A realizzare l’allestimento, come in una galleria d’arte a cielo aperto, Salvatore Iacono, gallerista/attivista e fondatore di Ischia Street Art, discussa anti-galleria underground sita nel cuore dell’isola, che posizionerà, lungo tutto il muro del traforo di via Genovino, i pannelli di plastica dipinti da Di Caterino, separati da uno spazio centrale di oltre 5 metri, a creare una lavagna virtuale marcata da spray colorati con su scritto “Free Walls _ Interactive Walls”. Lo scopo è realizzare il distanziamento sociale tra un lavoro e l’altro, lasciando uno spazio libero che potrà essere riempito dalle interazioni dei visitatori-passanti, i quali potranno lasciare la loro impronta; caratteristica questa, di tutti i progetti ideati da Salvatore Iacono con la sua Ischia Street Art Gallery, primo modello di galleria sociale e interattiva, una “non-galleria” o un “anti-galleria”, come definita dallo stesso Iacono, uno spazio aperto alle contaminazioni urbane e che da anni dà voce a numerosi street artist nazionali e internazionali.

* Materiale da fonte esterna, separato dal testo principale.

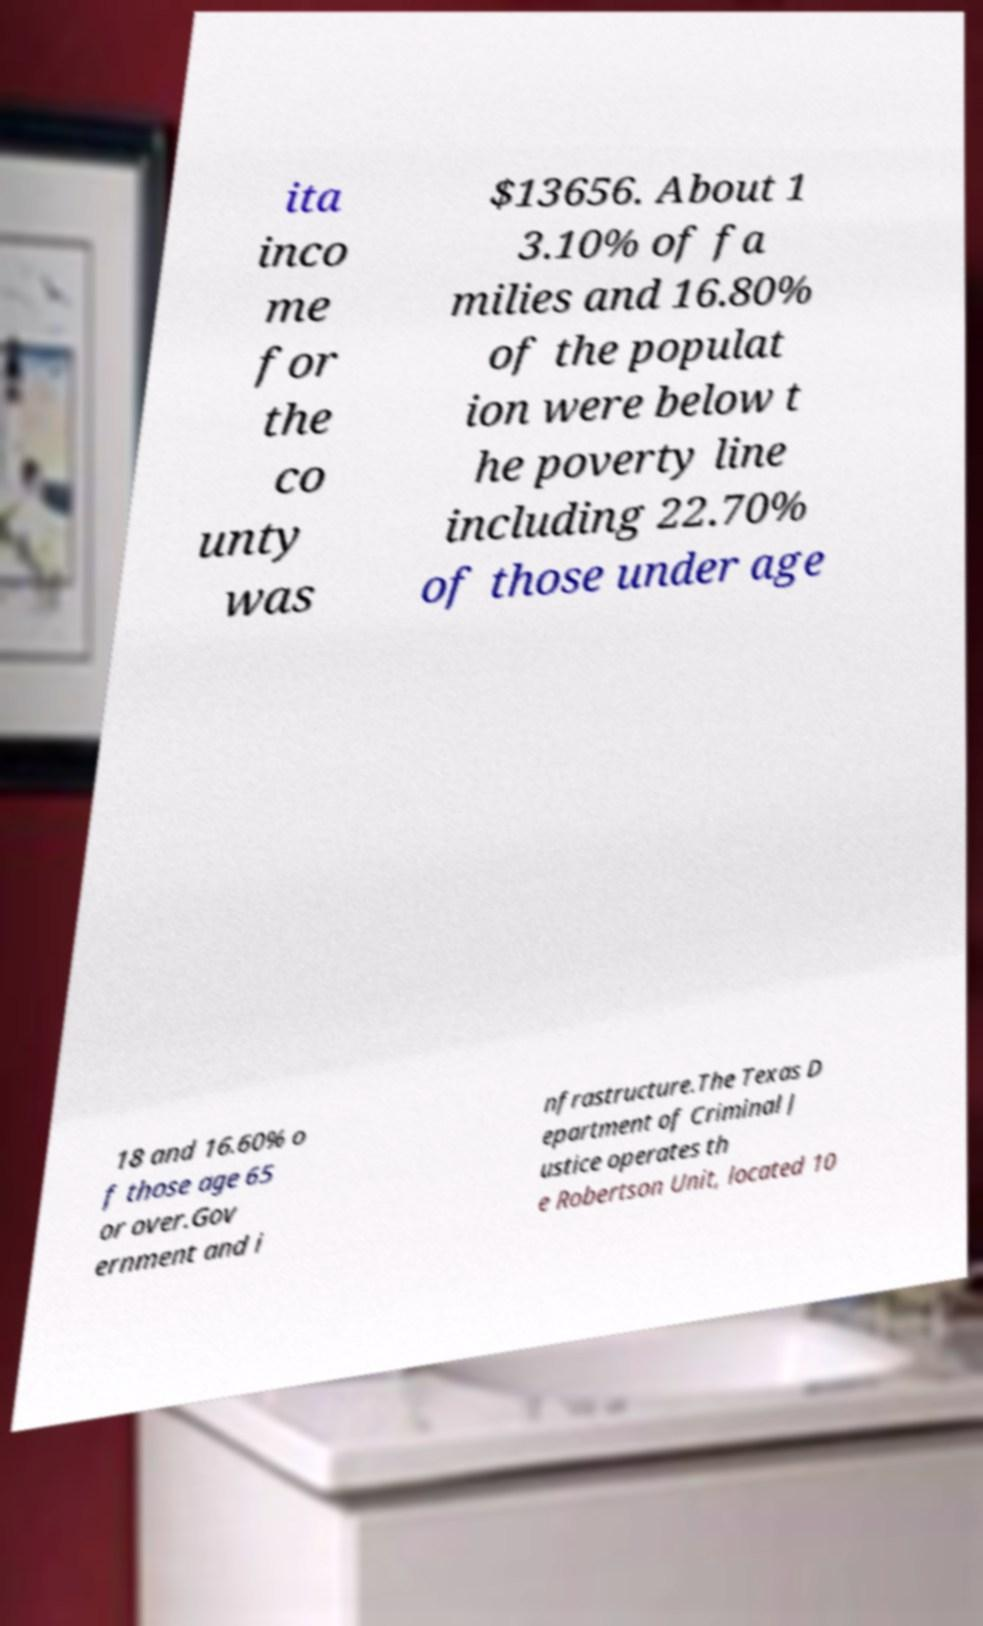Can you read and provide the text displayed in the image?This photo seems to have some interesting text. Can you extract and type it out for me? ita inco me for the co unty was $13656. About 1 3.10% of fa milies and 16.80% of the populat ion were below t he poverty line including 22.70% of those under age 18 and 16.60% o f those age 65 or over.Gov ernment and i nfrastructure.The Texas D epartment of Criminal J ustice operates th e Robertson Unit, located 10 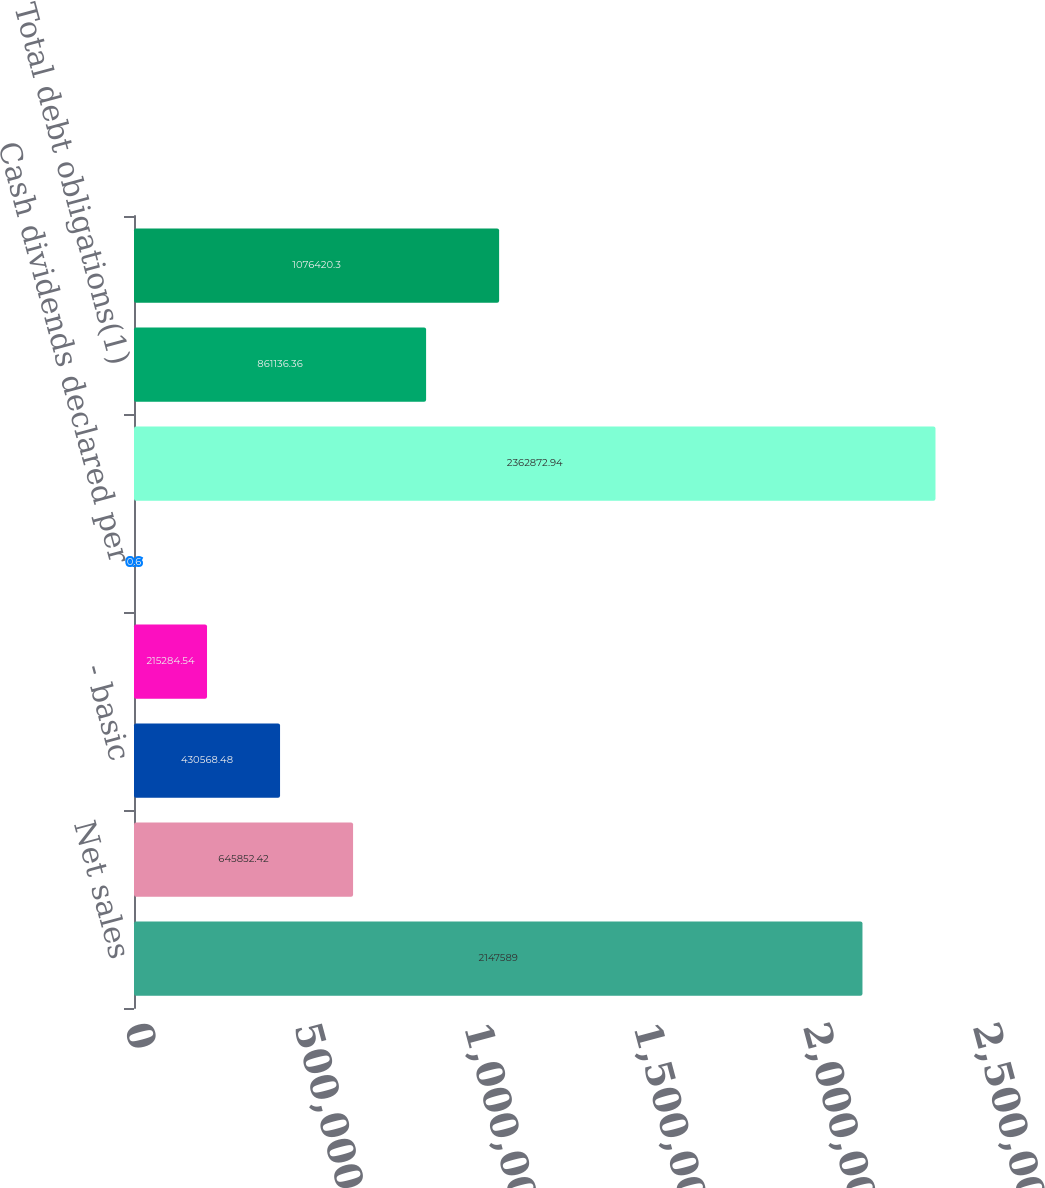Convert chart to OTSL. <chart><loc_0><loc_0><loc_500><loc_500><bar_chart><fcel>Net sales<fcel>Net income<fcel>- basic<fcel>- diluted<fcel>Cash dividends declared per<fcel>Total assets<fcel>Total debt obligations(1)<fcel>Stockholders' equity<nl><fcel>2.14759e+06<fcel>645852<fcel>430568<fcel>215285<fcel>0.6<fcel>2.36287e+06<fcel>861136<fcel>1.07642e+06<nl></chart> 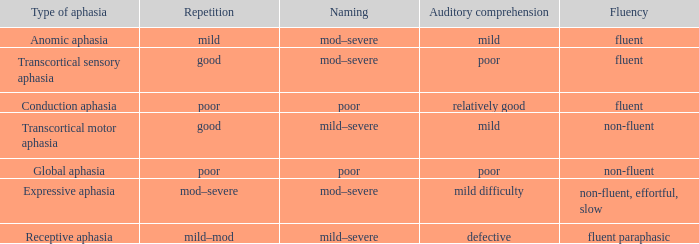Name the naming for fluent and poor comprehension Mod–severe. 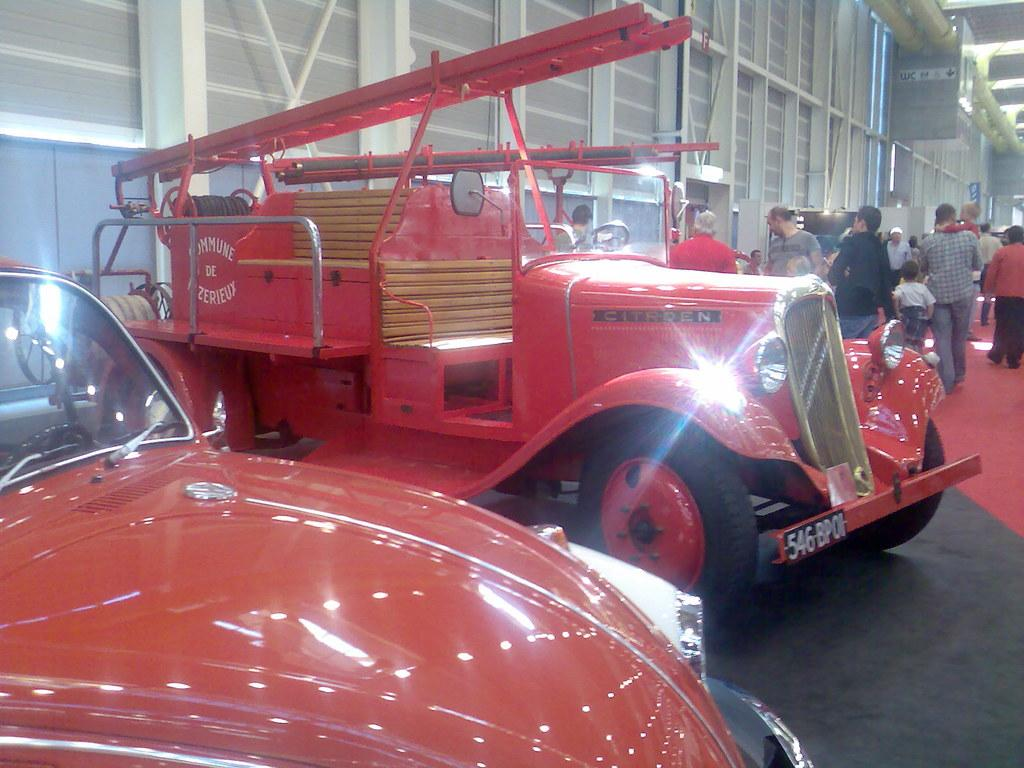What objects are on the floor in the image? There are vehicles on the floor in the image. What can be seen in the background of the image? There are people standing in the background of the image. What is visible in the image that might serve as a barrier or divider? There is a wall visible in the image. What might provide illumination in the image? Lights are present in the image. What other items can be seen in the image besides the vehicles, people, wall, and lights? There are other objects in the image. What type of stretch can be seen on the quilt in the image? There is no quilt or stretch present in the image. What is the size of the hall in the image? There is no hall present in the image. 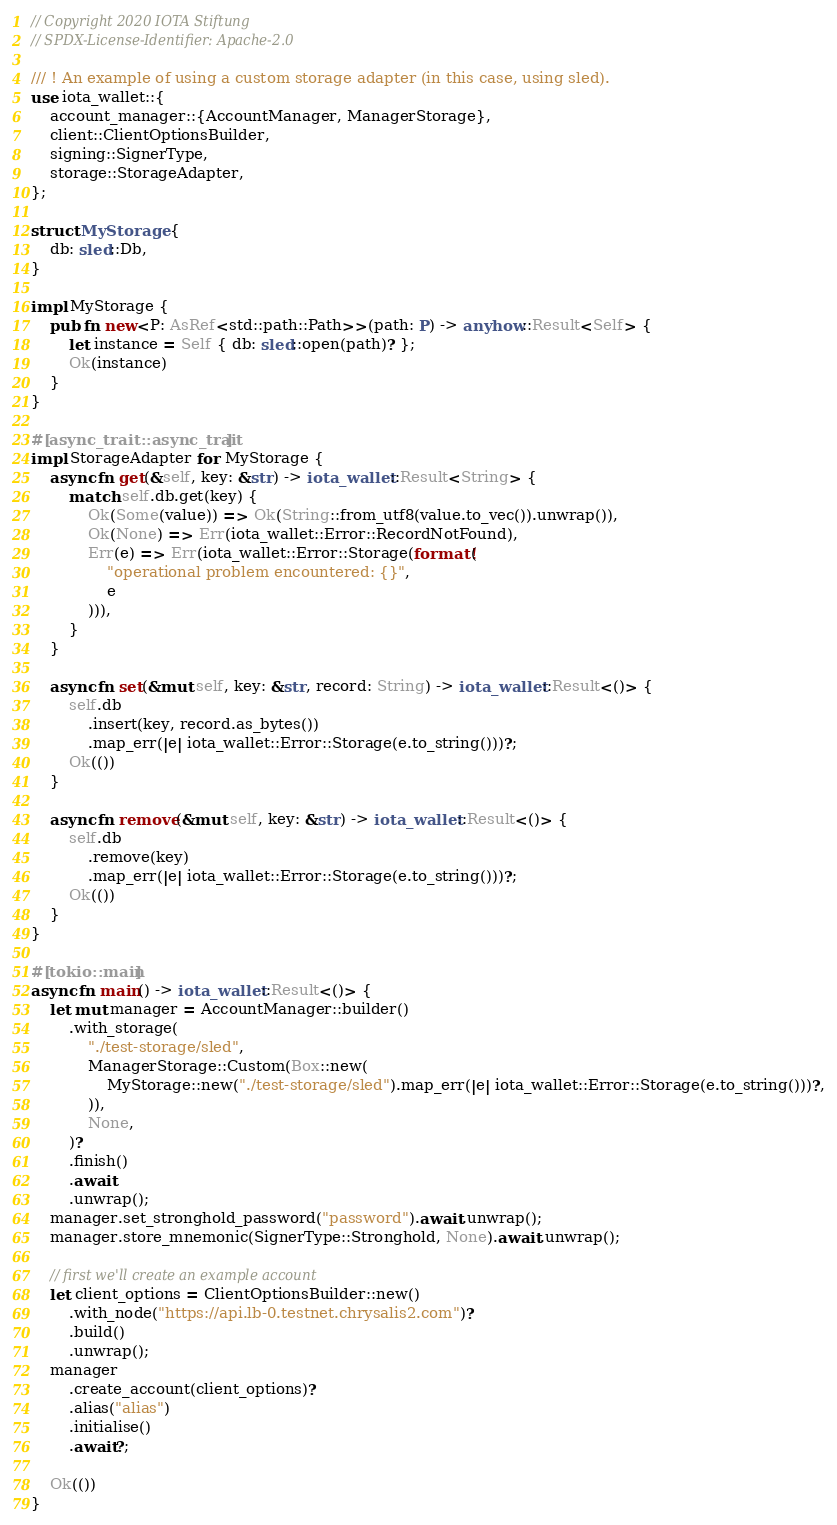<code> <loc_0><loc_0><loc_500><loc_500><_Rust_>// Copyright 2020 IOTA Stiftung
// SPDX-License-Identifier: Apache-2.0

/// ! An example of using a custom storage adapter (in this case, using sled).
use iota_wallet::{
    account_manager::{AccountManager, ManagerStorage},
    client::ClientOptionsBuilder,
    signing::SignerType,
    storage::StorageAdapter,
};

struct MyStorage {
    db: sled::Db,
}

impl MyStorage {
    pub fn new<P: AsRef<std::path::Path>>(path: P) -> anyhow::Result<Self> {
        let instance = Self { db: sled::open(path)? };
        Ok(instance)
    }
}

#[async_trait::async_trait]
impl StorageAdapter for MyStorage {
    async fn get(&self, key: &str) -> iota_wallet::Result<String> {
        match self.db.get(key) {
            Ok(Some(value)) => Ok(String::from_utf8(value.to_vec()).unwrap()),
            Ok(None) => Err(iota_wallet::Error::RecordNotFound),
            Err(e) => Err(iota_wallet::Error::Storage(format!(
                "operational problem encountered: {}",
                e
            ))),
        }
    }

    async fn set(&mut self, key: &str, record: String) -> iota_wallet::Result<()> {
        self.db
            .insert(key, record.as_bytes())
            .map_err(|e| iota_wallet::Error::Storage(e.to_string()))?;
        Ok(())
    }

    async fn remove(&mut self, key: &str) -> iota_wallet::Result<()> {
        self.db
            .remove(key)
            .map_err(|e| iota_wallet::Error::Storage(e.to_string()))?;
        Ok(())
    }
}

#[tokio::main]
async fn main() -> iota_wallet::Result<()> {
    let mut manager = AccountManager::builder()
        .with_storage(
            "./test-storage/sled",
            ManagerStorage::Custom(Box::new(
                MyStorage::new("./test-storage/sled").map_err(|e| iota_wallet::Error::Storage(e.to_string()))?,
            )),
            None,
        )?
        .finish()
        .await
        .unwrap();
    manager.set_stronghold_password("password").await.unwrap();
    manager.store_mnemonic(SignerType::Stronghold, None).await.unwrap();

    // first we'll create an example account
    let client_options = ClientOptionsBuilder::new()
        .with_node("https://api.lb-0.testnet.chrysalis2.com")?
        .build()
        .unwrap();
    manager
        .create_account(client_options)?
        .alias("alias")
        .initialise()
        .await?;

    Ok(())
}
</code> 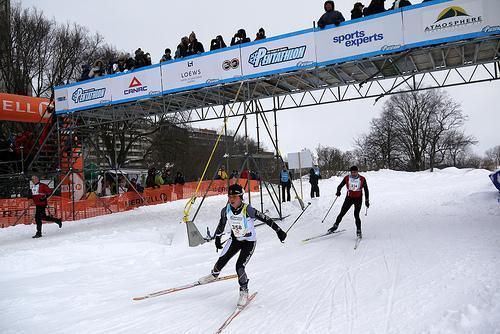How many skiers are there?
Give a very brief answer. 2. 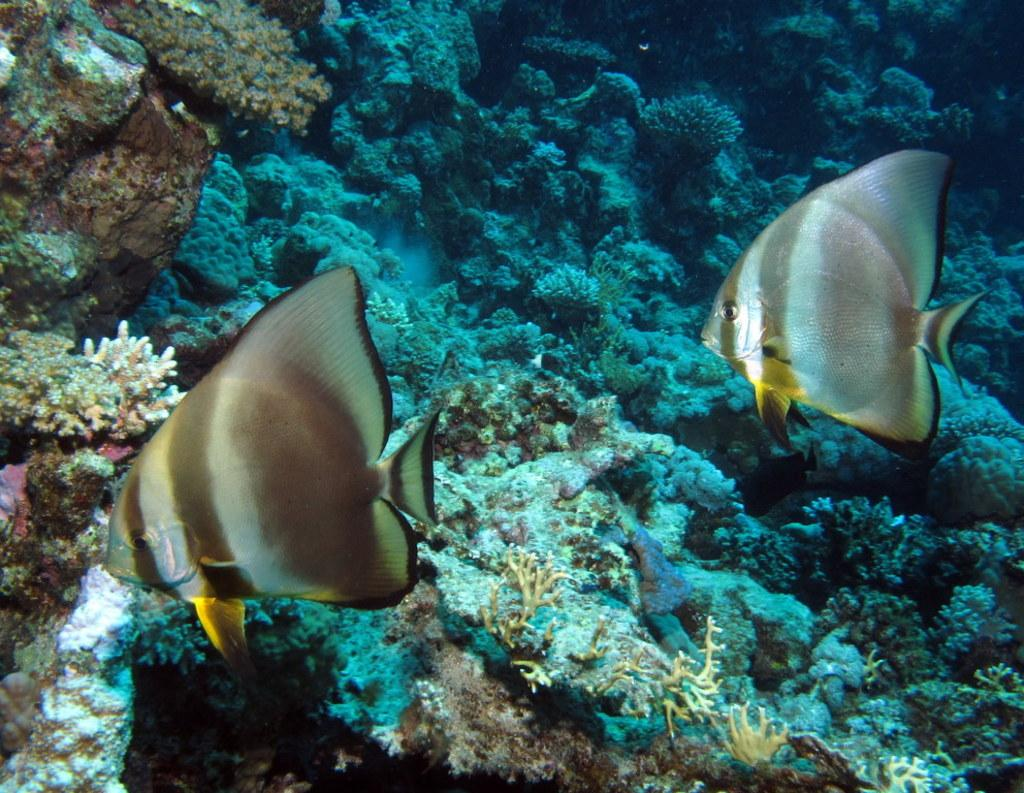What type of animals can be seen in the image? There are fishes visible under the water in the image. What other objects or features can be seen in the image? There are corals in the image. What type of skirt is being worn by the fish in the image? There are no skirts present in the image, as it features fishes and corals underwater. Can you read the letter that the coral is holding in the image? There are no letters or any form of writing present in the image, as it is a natural underwater scene.

I pannelli verranno incollati alla parete di cemento e non saranno più recuperati, lasciati al lavorio del tempo e alla naturale dissoluzione dei materiali, in uno spazio urbano che si trasforma continuamente, interagendo col tessuto culturale, sociale e tradizionale del posto.
Interazioni che avvengono seduta stante con il linguaggio dell’arte, un linguaggio che consente da sempre il distanziamento, tanto sociale quanto temporale, un distanziamento innato e proprio del linguaggio artistico. La mostra realizza un intervento-installazione che pone interrogativi sullo stato dell’arte e sul futuro degli artisti, in particolare degli street artist, in questo delicato momento storico, proponendoli come se fossero all’interno di un social network: “Chissà cosa sarebbe stato se non ci fossero stati i social network e come sarebbe stata questa quarantena se vissuta con i soli linguaggi dell’arte, in un mondo esclusivamente tridimensionale” – si chiede Di Caterino – e “chissà quanto i linguaggi dell’arte contemporanea, oggi, siano realmente e solamente tridimensionali e siano davvero in relazione con lo spazio”. La non-mostra intervento-installazione vuole porre queste e altre riflessioni con l’obiettivo di riappropriarsi della tridimensionalità del linguaggio artistico: “Cosa hanno da temere gli artisti in questo particolare momento storico? Nella pratica nulla, perché il linguaggio dell’arte esiste e persiste” (Mimmo Di Caterino).